眾人哭罷,將許父遺體抬出牢營,婧蘭著人準備了一副棺槨,將許父裝驗好,又隨天朗一起,將許父遺體運回青牧村后山之上,與天朗母親合葬在了一起。
安葬完畢,天朗長跪在父母墓前,發誓說:“汪家狗財與那狗縣令勾結,先害我母,又殺我父,此仇不共戴天,不殺二人給爹娘報仇,我天朗誓不為人!”

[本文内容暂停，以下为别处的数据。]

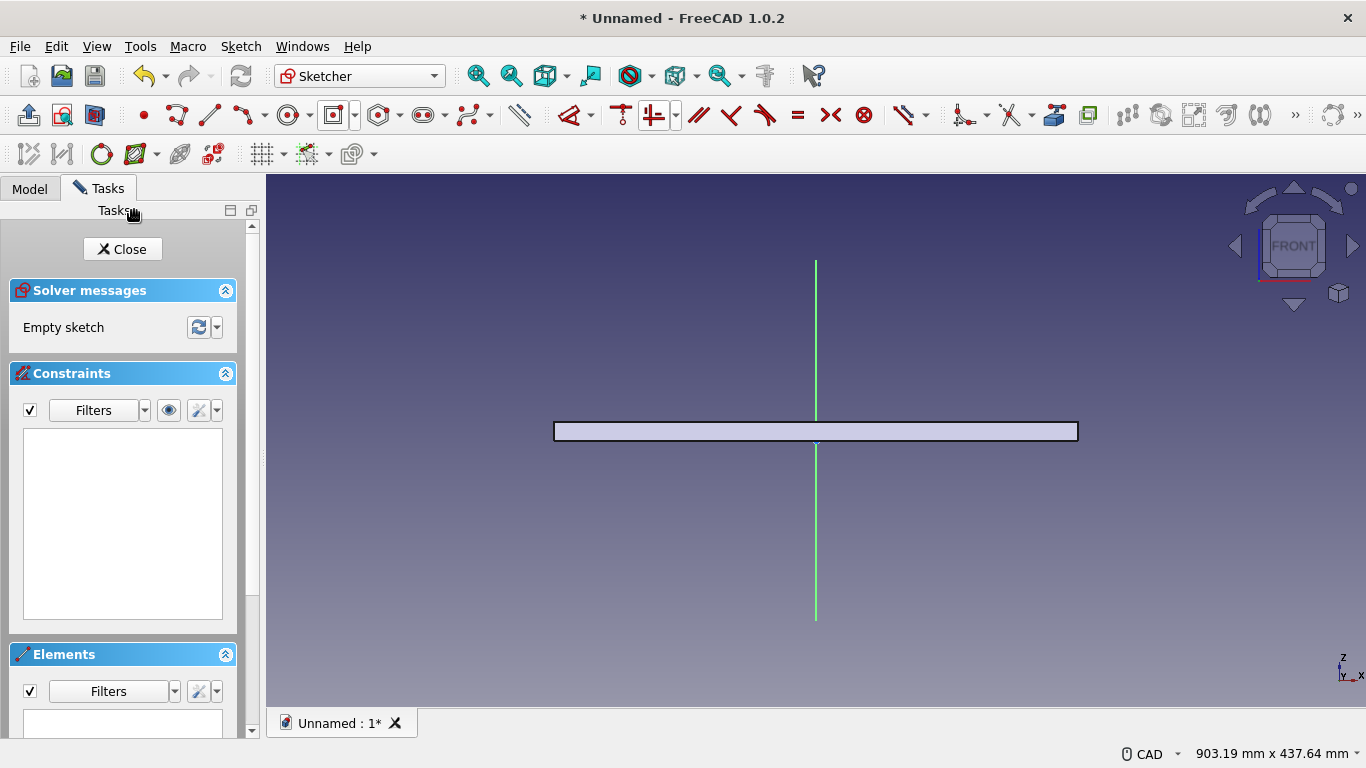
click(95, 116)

天朗起身向婧蘭、趙一彪二人拜謝道:“多謝二位兄姐相助,待兄弟報得家仇后,定當為二位生死效勞,以謝大恩。”
二人連忙上前勸慰,一番安撫后,擔心天朗報仇心切,撞下禍事,趙一彪勸說天朗道:“俗話說,君子報仇,十年不晚,為兄覺得,報仇之事,宜從長計宜,兄弟萬不可莽撞行事。”
婧蘭也說道:“那汪家是桐原縣節度使費大人家的女婿,費公其大人是手握重兵的平西將軍,在桐原縣可以說是一手遮天的人物,那吳縣令自然狗仗人勢,為虎作倀,對那吳家是多有庇護。天朗兄弟想要靠縣衙為你父親平反昭雪,那自是不太可能的了,還需另外想辦法才行。”
“天朗兄弟,干脆你隨我去西域投了平西王,為兄我回去力勸平西王發兵拿下桐原城,到時就可為兄弟一血家仇了。”趙一彪出主意道。
天朗也不置可否,只是說道:“為父報仇的事,我自然會周密計劃的,二位不必擔心。現在我要先在此為家父家母守孝七日,以盡為人子之孝道。你等不必為我操心,且先行回去,待我守孝完畢后再來與二位商議長久之計。”